:: Given records ::

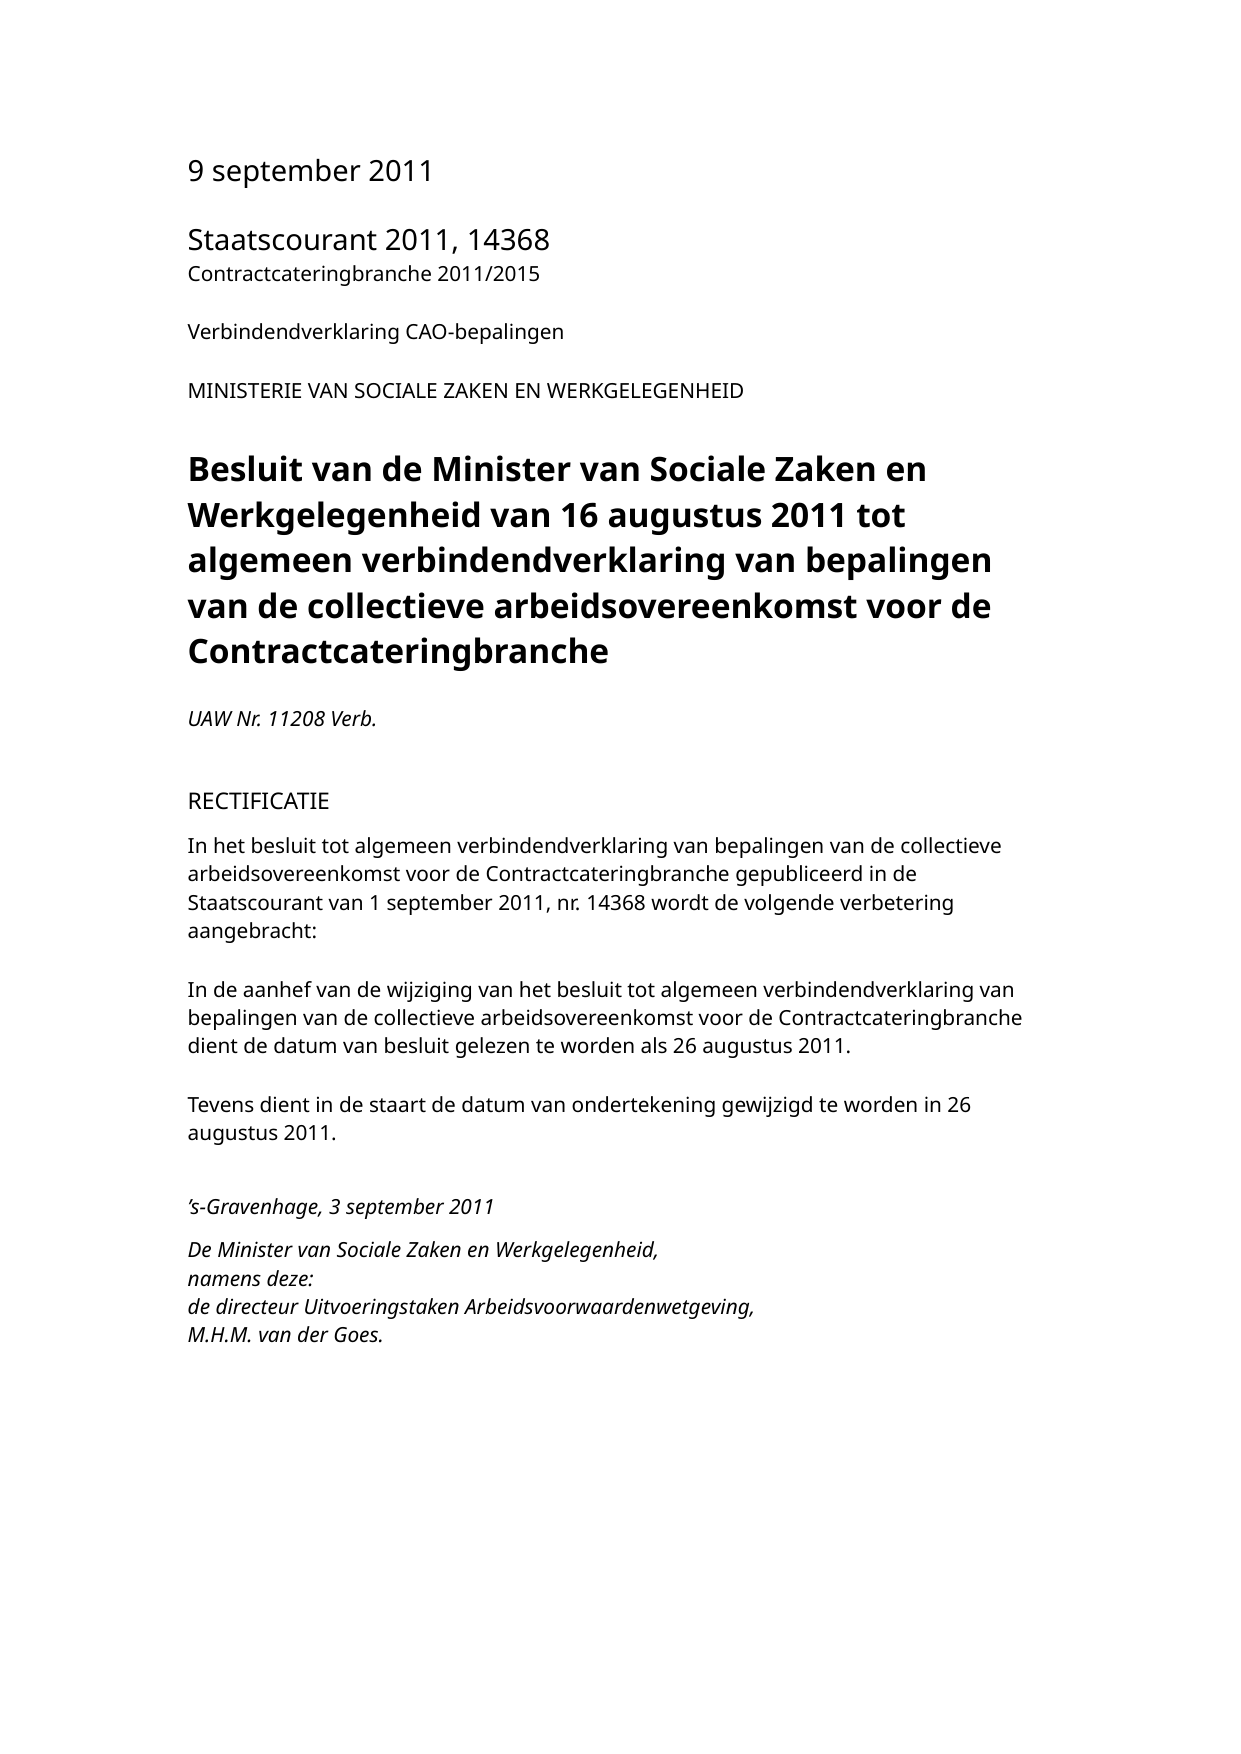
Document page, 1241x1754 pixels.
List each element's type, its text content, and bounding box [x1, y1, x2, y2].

text 9 september 2011 [187, 150, 1053, 190]
text In het besluit tot algemeen verbindendverklaring van bepalingen van de collectieve arbeidsovereenkomst voor de Contractcateringbranche gepubliceerd in de Staatscourant van 1 september 2011, nr. 14368 wordt de volgende verbetering aangebracht: [187, 831, 1053, 945]
text Contractcateringbranche 2011/2015 [187, 259, 1053, 287]
text Tevens dient in de staart de datum van ondertekening gewijzigd te worden in 26 augustus 2011. [187, 1090, 1053, 1147]
text Verbindendverklaring CAO-bepalingen [187, 317, 1053, 346]
text Staatscourant 2011, 14368 [187, 219, 1053, 259]
subtitle Besluit van de Minister van Sociale Zaken en Werkgelegenheid van 16 augustus 2011 tot algemeen verbindendverklaring van bepalingen van de collectieve arbeidsovereenkomst voor de Contractcateringbranche [187, 446, 1053, 674]
subtitle RECTIFICATIE [187, 785, 1053, 816]
text MINISTERIE VAN SOCIALE ZAKEN EN WERKGELEGENHEID [187, 376, 1053, 404]
text de directeur Uitvoeringstaken Arbeidsvoorwaardenwetgeving, [187, 1292, 1053, 1321]
text In de aanhef van de wijziging van het besluit tot algemeen verbindendverklaring van bepalingen van de collectieve arbeidsovereenkomst voor de Contractcateringbranche dient de datum van besluit gelezen te worden als 26 augustus 2011. [187, 975, 1053, 1060]
text namens deze: [187, 1264, 1053, 1292]
text De Minister van Sociale Zaken en Werkgelegenheid, [187, 1235, 1053, 1264]
text UAW Nr. 11208 Verb. [187, 704, 1053, 732]
text M.H.M. van der Goes. [187, 1321, 1053, 1349]
text ’s-Gravenhage, 3 september 2011 [187, 1192, 1053, 1220]

:::

Requirement: For each line of the data that includes the word "algemeen", return a copy of it.

Answer area:
text In het besluit tot algemeen verbindendverklaring van bepalingen van de collectieve arbeidsovereenkomst voor de Contractcateringbranche gepubliceerd in de Staatscourant van 1 september 2011, nr. 14368 wordt de volgende verbetering aangebracht: [187, 831, 1053, 945]
subtitle Besluit van de Minister van Sociale Zaken en Werkgelegenheid van 16 augustus 2011 tot algemeen verbindendverklaring van bepalingen van de collectieve arbeidsovereenkomst voor de Contractcateringbranche [187, 446, 1053, 674]
text In de aanhef van de wijziging van het besluit tot algemeen verbindendverklaring van bepalingen van de collectieve arbeidsovereenkomst voor de Contractcateringbranche dient de datum van besluit gelezen te worden als 26 augustus 2011. [187, 975, 1053, 1060]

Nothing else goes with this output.